Creating the Anaconda environment (for developers)

Creating a single Anaconda environment accessible through the head node and compute nodes might be difficult, due to different system configurations and security settings. Below is how it was done. Eventually, all of this distributed stuff will be included in the default ACME environment.
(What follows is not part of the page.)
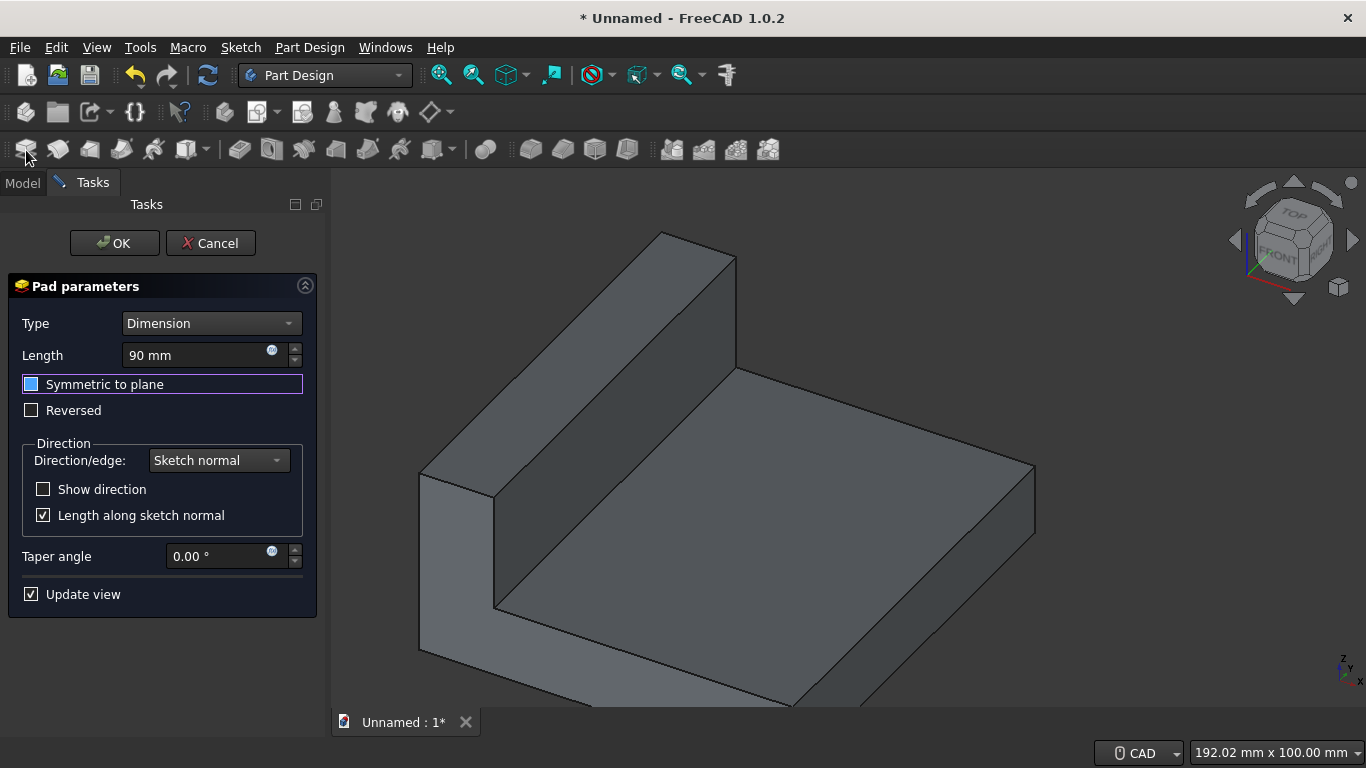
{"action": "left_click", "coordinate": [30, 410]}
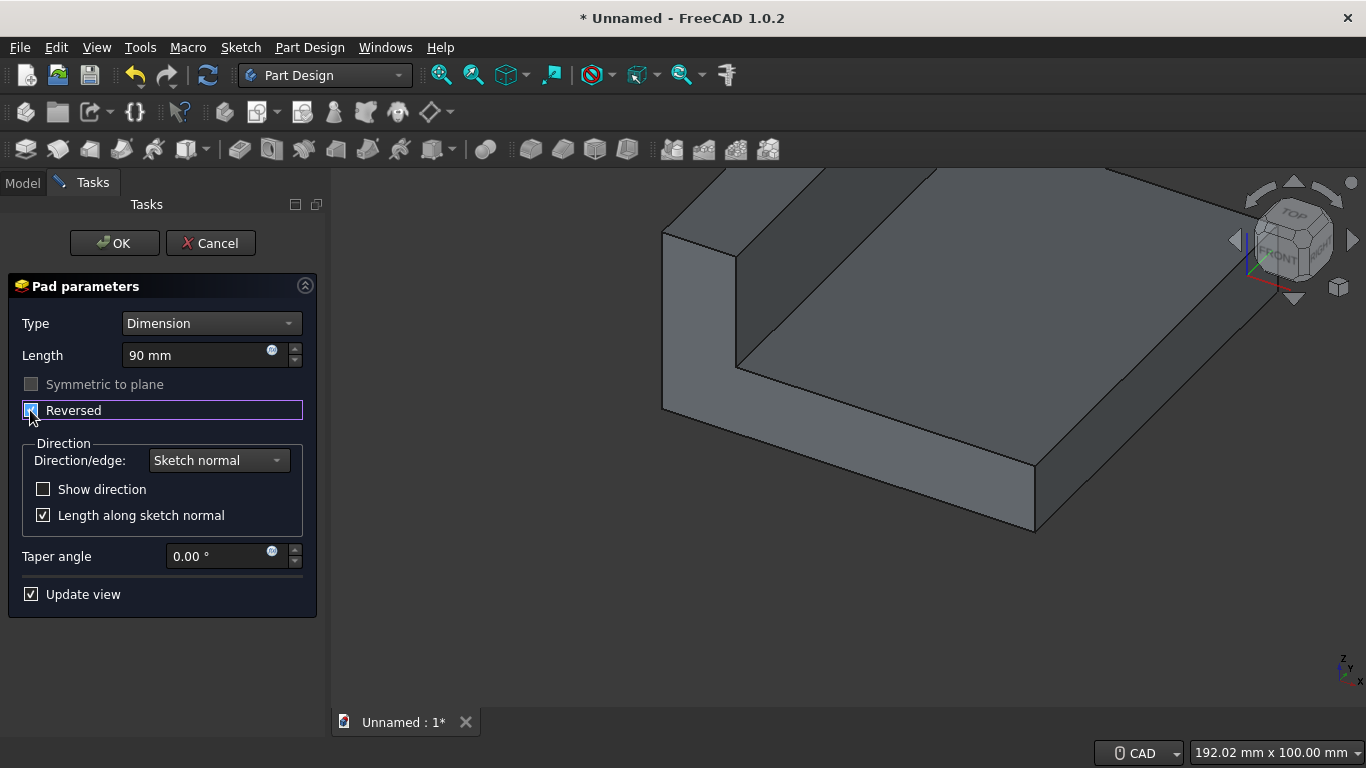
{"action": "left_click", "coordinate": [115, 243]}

  1. Login to the head node and make sure you have Anaconda installed in a location accessible to the compute nodes. In the case of aims4 and the greyworm cluster, only /p/cscratch is accessible, so we installed Anaconda in /p/cscratch/acme/shaheen2/anaconda2/.
  2. Create an Anaconda environment in a location accessible to the compute nodes (/p/cscratch/acme/shaheen2/acme_diags_env).
    /p/cscratch/acme/shaheen2/anaconda2/bin/conda create -p /p/cscratch/acme/shaheen2/acme_diags_env python=2.7 dask distributed -c conda-forge --copy -y
    Make sure to use --copy, it copies the packages instead of symbolically linking them. Even if you use copy, activate, create, and conda are still symbolically linked based on what conda was used in conda create. Hence, this is why we needed the conda (in /p/cscratch/acme/shaheen2/anaconda2/bin/conda) be available on the head and compute nodes.